Digital Foundry Article Technical Discussion [2025]

DigitalFoundry interview with Naighty Dog and Nixxes about The Last Of Us 2 Port.


It had been a while since I've looked at it, but I remembered Nathan Gregory's (Naught Dog) Game Engine Architecture book had a section on fibers, and when I checked it out I was surprised it was referring to Windows fibers vs threads. I wonder what it is about the Windows implementation of fibers that made it unsuitable to port from PS4/5.

The best I can think of is that maybe there are less blocking system calls on Playstation.
 
Rather underserved self praise for a port where a 3060 is unable to double PS4 performance at even lower settings.
It can if paired with a fast enough CPU. Stolen from Neogaf.



KqR1XMa.png


Z1phL5i.png


The optimized settings are very similar to the Pro settings in the DF video, I would even say higher overall. Worth noting that Motion Blur is completely disabled here, but on the flip side, Volumetrics are Medium instead of Low, Textures are Very High instead of High, AF is 16x, and it uses DLAA which has a performance penalty over TAA (but Alex also uses DLAA).
 
I would have to see more tests. In GameGPU, the difference is only 4%.
Here are more tests at native 4K, the 5080 is again 15% faster than 9070XT, the 3080 also ties the 6900XT (even though it should be slower).


At any rate, part 2 runs way better than part 1, and doesn't need as much VRAM. In fact, it requires way less VRAM than ever before, suggesting that part 1 had serious issues, Nixxes did indeed help fix them in part 2.
 
Rather underserved self praise for a port where a 3060 is unable to double PS4 performance at even lower settings.
Interesting bits, Async Compute on PC doesn't level the playing field with PS5, Async is way faster on PS5.

it doesn't necessarily level the playing field with the PS5. Certainly using async compute with the PS5, where you know exactly what the hardware is and what things pair well together, and there's less driver in the middle, we've always found it to be a lot more beneficial on consoles than it is on PC, unfortunately.

Also spin locking threads is more expensive on PC, PS5 is cheaper, and also uses more of the CPU to help with performance, they couldn't do that on PC as it will cause the game to become CPU limited, reducing performance. In general CPU performance remains unsolved on PC to this day, so achieving equal performance remains difficult.

One thing is the spin locking. That is cheap on the console, but on Windows, that can be very problematic for performance. That's one thing that we addressed for this port in particular.
on PS5, no one cares what the CPU utilisation is. The job system was originally constructed to just always use everything, every second, and so moving that to PC, Nixxes was super helpful in helping to optimise utilisation as people on PC do care about it. It was challenging to reduce that as we never had to worry about it on console.

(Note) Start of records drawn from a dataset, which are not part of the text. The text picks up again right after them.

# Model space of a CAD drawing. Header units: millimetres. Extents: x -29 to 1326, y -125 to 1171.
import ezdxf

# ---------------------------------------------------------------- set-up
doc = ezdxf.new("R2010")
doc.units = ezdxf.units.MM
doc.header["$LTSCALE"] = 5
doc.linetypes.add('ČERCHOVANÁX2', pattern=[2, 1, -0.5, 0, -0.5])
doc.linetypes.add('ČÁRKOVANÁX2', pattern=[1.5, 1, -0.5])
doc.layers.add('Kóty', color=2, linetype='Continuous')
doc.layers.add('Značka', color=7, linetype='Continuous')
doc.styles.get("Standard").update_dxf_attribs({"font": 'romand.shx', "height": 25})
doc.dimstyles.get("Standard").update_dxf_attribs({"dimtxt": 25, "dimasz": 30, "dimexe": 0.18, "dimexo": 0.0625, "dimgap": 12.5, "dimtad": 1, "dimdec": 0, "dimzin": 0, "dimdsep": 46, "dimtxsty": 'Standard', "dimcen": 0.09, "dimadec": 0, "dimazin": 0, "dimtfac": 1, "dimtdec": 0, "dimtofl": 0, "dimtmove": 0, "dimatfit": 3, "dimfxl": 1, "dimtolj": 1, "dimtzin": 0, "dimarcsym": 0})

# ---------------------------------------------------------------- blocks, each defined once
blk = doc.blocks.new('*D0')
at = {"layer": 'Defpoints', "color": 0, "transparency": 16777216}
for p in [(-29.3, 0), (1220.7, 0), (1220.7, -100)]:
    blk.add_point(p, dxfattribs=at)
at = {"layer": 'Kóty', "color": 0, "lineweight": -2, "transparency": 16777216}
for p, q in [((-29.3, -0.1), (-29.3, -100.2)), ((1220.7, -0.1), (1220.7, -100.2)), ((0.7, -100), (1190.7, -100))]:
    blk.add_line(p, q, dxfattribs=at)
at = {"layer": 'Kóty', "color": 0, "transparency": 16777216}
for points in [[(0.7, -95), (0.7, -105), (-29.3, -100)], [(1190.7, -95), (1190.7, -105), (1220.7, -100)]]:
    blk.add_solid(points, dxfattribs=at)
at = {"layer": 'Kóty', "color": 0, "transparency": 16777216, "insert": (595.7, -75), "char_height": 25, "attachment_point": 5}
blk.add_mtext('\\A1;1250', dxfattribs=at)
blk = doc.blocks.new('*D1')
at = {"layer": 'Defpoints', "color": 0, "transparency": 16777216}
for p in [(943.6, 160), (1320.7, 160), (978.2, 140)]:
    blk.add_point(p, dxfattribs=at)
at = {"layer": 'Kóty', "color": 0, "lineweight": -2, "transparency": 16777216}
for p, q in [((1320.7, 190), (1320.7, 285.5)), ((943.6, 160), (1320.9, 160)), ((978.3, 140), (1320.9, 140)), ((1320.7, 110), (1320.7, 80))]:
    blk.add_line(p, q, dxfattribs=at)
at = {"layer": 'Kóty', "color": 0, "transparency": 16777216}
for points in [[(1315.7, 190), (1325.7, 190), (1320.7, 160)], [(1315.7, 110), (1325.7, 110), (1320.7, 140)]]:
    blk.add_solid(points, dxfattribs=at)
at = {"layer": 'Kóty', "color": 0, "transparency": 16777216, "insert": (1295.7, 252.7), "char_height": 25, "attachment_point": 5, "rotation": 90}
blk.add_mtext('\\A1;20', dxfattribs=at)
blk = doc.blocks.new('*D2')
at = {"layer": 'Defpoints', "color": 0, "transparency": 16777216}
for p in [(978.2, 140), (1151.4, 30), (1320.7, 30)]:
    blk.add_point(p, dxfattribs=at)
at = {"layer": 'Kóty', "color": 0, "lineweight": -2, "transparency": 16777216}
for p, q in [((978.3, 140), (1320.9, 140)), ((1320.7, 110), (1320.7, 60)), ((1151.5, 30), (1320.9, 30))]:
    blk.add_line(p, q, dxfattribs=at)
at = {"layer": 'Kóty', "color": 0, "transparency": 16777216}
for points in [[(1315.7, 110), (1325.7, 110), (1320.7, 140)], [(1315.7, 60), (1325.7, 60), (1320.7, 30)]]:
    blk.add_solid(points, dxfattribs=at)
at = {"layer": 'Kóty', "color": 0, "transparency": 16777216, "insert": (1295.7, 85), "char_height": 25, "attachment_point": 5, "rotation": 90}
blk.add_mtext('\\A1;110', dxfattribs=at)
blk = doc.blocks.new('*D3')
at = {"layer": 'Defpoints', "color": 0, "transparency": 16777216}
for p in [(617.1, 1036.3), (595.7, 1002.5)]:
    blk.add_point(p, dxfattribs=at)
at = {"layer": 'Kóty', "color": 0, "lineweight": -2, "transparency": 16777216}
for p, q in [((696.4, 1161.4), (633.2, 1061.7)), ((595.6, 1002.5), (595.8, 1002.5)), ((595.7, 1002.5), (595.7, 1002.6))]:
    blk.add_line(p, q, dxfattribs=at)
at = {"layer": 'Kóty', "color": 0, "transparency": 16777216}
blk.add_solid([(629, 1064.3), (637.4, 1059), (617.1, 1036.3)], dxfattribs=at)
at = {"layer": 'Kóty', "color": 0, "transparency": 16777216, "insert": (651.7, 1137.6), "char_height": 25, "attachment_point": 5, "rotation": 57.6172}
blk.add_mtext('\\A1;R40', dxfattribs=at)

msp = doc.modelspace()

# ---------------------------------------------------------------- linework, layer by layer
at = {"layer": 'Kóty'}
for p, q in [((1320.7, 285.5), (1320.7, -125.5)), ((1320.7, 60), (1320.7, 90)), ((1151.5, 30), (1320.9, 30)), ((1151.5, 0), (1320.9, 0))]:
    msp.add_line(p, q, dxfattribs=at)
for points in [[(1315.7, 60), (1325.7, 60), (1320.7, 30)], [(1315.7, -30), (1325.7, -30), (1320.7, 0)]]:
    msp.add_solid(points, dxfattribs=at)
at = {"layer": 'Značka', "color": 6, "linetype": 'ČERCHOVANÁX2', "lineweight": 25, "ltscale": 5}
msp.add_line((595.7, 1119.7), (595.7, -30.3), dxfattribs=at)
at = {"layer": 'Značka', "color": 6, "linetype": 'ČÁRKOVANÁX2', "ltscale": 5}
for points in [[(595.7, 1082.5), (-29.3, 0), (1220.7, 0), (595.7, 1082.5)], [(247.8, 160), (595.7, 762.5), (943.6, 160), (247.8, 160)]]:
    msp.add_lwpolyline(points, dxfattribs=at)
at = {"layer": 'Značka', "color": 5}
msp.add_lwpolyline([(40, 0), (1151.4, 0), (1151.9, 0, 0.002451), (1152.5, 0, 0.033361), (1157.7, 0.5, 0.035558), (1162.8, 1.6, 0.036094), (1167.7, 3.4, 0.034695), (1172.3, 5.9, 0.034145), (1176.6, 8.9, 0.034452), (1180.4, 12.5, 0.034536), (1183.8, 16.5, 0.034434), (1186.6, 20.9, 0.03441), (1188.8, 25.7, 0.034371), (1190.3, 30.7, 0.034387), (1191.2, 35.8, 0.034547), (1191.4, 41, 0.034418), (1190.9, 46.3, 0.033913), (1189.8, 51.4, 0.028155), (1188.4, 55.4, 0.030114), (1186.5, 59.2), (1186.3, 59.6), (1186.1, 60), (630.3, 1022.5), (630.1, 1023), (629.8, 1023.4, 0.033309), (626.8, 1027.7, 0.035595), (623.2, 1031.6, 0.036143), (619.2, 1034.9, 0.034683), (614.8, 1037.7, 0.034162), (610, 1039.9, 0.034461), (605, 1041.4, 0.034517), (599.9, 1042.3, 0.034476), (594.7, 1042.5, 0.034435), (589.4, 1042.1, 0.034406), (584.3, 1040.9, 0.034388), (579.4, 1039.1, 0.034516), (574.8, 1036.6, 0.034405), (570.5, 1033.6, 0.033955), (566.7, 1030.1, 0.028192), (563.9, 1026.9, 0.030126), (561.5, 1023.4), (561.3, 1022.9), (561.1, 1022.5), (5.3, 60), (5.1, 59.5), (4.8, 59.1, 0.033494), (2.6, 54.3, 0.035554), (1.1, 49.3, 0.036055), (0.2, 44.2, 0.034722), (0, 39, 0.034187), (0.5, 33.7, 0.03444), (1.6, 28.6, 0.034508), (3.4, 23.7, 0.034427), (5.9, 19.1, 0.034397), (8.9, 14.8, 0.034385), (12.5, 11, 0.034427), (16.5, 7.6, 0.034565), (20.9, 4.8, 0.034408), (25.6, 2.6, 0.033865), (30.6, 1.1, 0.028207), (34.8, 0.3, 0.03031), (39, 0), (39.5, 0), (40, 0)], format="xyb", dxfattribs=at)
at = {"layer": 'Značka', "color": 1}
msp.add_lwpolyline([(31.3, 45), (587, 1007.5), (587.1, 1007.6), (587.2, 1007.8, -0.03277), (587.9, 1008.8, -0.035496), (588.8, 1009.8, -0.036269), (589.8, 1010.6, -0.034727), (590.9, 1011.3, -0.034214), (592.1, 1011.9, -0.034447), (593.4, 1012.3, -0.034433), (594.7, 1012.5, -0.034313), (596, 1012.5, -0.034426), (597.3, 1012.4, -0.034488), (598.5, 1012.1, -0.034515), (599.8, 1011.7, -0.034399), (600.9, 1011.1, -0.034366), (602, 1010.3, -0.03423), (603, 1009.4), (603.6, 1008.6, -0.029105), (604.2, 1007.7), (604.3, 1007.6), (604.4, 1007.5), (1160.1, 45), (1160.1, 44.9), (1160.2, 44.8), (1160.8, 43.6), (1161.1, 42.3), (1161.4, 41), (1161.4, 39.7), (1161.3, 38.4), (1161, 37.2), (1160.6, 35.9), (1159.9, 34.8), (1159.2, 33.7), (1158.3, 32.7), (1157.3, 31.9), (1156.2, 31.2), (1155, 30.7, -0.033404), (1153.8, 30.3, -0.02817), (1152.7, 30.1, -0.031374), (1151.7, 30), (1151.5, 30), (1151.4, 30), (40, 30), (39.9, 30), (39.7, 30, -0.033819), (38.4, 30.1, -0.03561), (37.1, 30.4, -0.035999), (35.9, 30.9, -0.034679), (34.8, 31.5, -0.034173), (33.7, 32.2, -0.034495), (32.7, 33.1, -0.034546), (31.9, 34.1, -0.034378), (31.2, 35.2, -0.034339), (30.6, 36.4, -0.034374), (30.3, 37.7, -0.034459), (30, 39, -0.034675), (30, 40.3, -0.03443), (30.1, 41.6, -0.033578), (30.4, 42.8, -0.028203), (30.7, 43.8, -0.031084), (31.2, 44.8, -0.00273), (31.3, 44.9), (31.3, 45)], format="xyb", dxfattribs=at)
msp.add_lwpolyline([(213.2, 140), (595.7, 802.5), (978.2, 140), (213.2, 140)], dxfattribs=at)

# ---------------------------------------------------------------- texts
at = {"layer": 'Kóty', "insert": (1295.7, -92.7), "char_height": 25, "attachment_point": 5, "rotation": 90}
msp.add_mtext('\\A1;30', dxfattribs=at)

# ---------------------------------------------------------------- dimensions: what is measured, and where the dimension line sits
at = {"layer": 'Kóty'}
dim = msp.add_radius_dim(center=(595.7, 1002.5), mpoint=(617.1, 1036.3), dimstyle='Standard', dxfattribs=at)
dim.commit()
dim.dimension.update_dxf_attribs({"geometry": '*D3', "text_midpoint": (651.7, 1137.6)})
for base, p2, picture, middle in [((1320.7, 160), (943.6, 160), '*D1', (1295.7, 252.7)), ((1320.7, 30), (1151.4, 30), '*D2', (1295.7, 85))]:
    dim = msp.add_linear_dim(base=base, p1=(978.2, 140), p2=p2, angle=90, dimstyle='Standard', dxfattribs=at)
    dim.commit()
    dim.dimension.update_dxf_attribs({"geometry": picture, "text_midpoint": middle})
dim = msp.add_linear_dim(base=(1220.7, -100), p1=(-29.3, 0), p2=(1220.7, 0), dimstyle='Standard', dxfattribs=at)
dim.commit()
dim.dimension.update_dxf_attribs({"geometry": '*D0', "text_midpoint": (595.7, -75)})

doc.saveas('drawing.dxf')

I would say the praise is relatively justified, they improved over the part 1 release tremendously, part 2 runs way faster, uses way less VRAM, uses less CPU resources, and loads much much faster. There are limits to what they can do to an engine that is extremely customized to PS5's strengths: gigantic shader/material permutations, shared memory pool, faster async compute, cheaper CPU multi threading cost .. etc.
 
It can if paired with a fast enough CPU. Stolen from Neogaf.



KqR1XMa.png


Z1phL5i.png


The optimized settings are very similar to the Pro settings in the DF video, I would even say higher overall. Worth noting that Motion Blur is completely disabled here, but on the flip side, Volumetrics are Medium instead of Low, Textures are Very High instead of High, AF is 16x, and it uses DLAA which has a performance penalty over TAA (but Alex also uses DLAA).
That is not even the same view as in my video... So it is not debunking anything. Different views in that forest run differently, better and worse.

The concept that I was CPU-Limited there is rather presumptuous, the GPU was 9X% utilised and the CPU was not being tapped out, unlike in other scenes. When i get to my PC I will post the OSD statistics which I otherwise blurred out in that video section for aesthetic purposes.

Why not try lining up the camera at the same location and do that test again?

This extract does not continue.